In MF, there was a positive correlation between NO3-N content of 0–10-cm soil with CH4 fluxes. The CH4 fluxes in the remaining two points are independent of NO3-N content of 0–10-cm soil. In the anaerobic environment of wetland, there are associated CH4 oxidizing bacteria that can use nitrate as an electron acceptor to oxidize CH4, resulting in lower CH4 fluxes (Ettwig et al. 2016; Shen et al. 2018). The NO3-N can promote root growth and root secretion function of marsh plants, and the effective substrate for CH4-producing bacteria in the roots of marsh plants will increase accordingly (Wang et al. 2012). This promotes the metabolic activity of CH4-producing bacteria and increases CH4 fluxes (Wang et al. 2012).

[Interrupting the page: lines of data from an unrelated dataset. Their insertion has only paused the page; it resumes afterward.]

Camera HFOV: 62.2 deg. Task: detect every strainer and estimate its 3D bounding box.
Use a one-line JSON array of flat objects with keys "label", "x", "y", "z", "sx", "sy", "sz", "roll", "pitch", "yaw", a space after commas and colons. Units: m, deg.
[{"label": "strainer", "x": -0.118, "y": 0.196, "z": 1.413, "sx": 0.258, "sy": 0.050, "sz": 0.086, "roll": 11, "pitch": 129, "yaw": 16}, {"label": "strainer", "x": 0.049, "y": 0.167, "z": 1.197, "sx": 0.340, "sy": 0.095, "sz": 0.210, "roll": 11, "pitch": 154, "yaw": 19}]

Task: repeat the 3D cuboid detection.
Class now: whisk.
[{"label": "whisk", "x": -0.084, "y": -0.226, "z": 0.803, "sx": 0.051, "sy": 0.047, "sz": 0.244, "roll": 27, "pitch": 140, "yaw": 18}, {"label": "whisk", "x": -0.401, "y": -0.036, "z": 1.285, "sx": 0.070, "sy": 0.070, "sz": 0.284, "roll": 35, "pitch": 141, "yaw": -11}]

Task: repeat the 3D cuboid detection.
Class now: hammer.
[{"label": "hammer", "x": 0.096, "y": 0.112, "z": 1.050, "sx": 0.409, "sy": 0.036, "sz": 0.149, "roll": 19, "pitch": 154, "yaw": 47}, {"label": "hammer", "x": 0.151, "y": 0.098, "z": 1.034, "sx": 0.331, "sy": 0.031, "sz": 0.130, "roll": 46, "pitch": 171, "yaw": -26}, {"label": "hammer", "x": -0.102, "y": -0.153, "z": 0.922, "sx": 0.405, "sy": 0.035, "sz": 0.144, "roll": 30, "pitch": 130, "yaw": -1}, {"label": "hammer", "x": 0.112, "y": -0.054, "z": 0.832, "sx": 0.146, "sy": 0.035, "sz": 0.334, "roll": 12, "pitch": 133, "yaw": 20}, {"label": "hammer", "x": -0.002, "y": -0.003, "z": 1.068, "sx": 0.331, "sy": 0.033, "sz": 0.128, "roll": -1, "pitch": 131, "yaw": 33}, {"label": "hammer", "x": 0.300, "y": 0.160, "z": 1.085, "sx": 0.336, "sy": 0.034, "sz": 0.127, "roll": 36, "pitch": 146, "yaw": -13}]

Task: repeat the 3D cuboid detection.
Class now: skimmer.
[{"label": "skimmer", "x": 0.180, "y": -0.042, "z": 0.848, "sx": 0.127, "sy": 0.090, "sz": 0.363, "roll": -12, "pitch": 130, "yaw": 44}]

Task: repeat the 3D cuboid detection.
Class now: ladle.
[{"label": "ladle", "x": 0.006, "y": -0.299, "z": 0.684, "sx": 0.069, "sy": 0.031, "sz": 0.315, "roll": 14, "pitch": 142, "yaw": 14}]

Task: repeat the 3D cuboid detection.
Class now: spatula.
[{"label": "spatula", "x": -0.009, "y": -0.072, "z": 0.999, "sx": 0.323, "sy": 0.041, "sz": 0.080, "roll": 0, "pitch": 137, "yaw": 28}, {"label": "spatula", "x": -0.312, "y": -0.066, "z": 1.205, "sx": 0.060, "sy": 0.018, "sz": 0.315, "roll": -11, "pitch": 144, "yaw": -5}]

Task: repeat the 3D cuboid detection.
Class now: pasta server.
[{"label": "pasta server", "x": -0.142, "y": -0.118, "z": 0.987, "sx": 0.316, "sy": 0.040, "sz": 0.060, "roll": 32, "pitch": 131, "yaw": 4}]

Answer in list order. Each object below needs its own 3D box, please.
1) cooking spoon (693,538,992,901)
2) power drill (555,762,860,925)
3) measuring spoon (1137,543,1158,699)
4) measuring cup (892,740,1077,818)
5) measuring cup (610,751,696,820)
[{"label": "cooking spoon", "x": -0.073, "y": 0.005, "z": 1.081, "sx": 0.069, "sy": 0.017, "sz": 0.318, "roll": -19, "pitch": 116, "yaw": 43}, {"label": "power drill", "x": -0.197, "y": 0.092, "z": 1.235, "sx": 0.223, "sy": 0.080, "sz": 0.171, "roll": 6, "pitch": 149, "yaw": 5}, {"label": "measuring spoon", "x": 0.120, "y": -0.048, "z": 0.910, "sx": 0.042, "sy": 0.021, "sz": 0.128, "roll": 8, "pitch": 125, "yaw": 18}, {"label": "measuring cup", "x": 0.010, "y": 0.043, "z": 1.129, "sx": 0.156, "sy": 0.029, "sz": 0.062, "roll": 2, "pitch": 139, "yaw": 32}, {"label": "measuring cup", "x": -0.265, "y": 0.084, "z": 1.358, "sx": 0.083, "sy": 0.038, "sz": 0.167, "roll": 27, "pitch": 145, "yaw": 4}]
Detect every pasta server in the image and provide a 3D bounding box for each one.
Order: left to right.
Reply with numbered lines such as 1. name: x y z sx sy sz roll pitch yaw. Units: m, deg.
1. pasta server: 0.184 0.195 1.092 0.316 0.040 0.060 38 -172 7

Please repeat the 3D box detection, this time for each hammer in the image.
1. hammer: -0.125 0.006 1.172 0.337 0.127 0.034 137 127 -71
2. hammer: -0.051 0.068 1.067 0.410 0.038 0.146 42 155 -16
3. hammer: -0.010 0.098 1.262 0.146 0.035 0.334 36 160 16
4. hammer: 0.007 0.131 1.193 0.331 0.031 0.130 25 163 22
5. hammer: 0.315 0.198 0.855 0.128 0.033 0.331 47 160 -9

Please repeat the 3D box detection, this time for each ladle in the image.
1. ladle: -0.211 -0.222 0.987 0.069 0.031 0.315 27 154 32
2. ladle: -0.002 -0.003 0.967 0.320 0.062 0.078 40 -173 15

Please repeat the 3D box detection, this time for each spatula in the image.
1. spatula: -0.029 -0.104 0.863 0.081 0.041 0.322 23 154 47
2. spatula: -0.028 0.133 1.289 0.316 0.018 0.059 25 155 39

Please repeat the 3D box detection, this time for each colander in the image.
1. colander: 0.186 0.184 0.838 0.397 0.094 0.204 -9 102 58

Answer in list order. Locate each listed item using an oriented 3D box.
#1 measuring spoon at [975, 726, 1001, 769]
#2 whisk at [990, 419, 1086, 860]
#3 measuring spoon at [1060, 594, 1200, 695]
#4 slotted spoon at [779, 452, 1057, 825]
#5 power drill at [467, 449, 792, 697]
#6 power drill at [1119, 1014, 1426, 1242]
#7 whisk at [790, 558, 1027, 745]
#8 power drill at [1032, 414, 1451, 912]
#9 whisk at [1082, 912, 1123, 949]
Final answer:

In natural environments, soil moisture content is also an important factor for CH4 production. Soil moisture can increase the activity of CH4-producing bacteria and provide anaerobic conditions (Ma et al. 2012). The significant positive correlation between CH4 fluxes with 10–20-cm soil moisture content only in D. The CH4 fluxes in the remaining two points are independent of soil moisture content. CH4 was presented as a flux source in HF, MF, and D with mean values of 7.5, 2.5, and 0.3 mg m−2 h−1, respectively. It is much larger than the maximum value of CH4 flux in northeast paddy fields (0.1 mg m−2 h−1) (Zhang et al. 2017). There is a significant positive correlation between water level and CH4 fluxes. The prolonged overwater condition created an anaerobic environment that is conducive to the growth and reproduction of anaerobic CH4-producing bacteria, leading to an increase in CH4 fluxes (Turetsky et al. 2014). The water levels were the key factor affecting the type of methanogens in the soil. In the wetlands of the Qinghai-Tibet Plateau, Methylobacter (90.0%) of type I methanotrophs were overwhelmingly dominant in the high water level, while Methylocystis (53.3%) and Methylomonas (42.2%) belonging to types II and I methanotrophs were the predominant groups in the low water level (Cui et al. 2018). CH4-producing bacteria are strictly anaerobic, and CH4-producing bacteria populations are larger in water covered lands (Šťovíček et al. 2017). The higher the water levels and the longer the inundation time, the higher the CH4 fluxes (Henneberg et al. 2016; Sha et al. 2015). Greater CH4 fluxes in water-covered wetlands.

Conclusion

Water levels affect the physicochemical properties of wetland soil during the autumn freeze–thaw period. However, water levels could not directly significantly affect the cumulative CO2 fluxes, but it can indirectly affect the fluxes of CO2 by changing soil environmental factors. CO2 fluxes decreased with decreasing air and soil temperatures in MF and D. While CO2 fluxes were positively correlated with 0–10-cm soil NH4+-N content in HF. The water level significantly affects the CH4 fluxes, the higher the water level, and the higher CH4 fluxes. Wetlands at lower water levels (below 10-cm water levels) did not show much difference in CH4 fluxes compared to drylands. CH4 fluxes increased with decreasing water levels in HF. In MF, CH4 fluxes were positively correlated with surface temperature and 0–10-cm soil NO3-N content. In D, CH4 fluxes were positively correlated with 10–20-cm soil moisture content. All in all, water level has a significant effect on wetland methane flux, but not on carbon dioxide flux.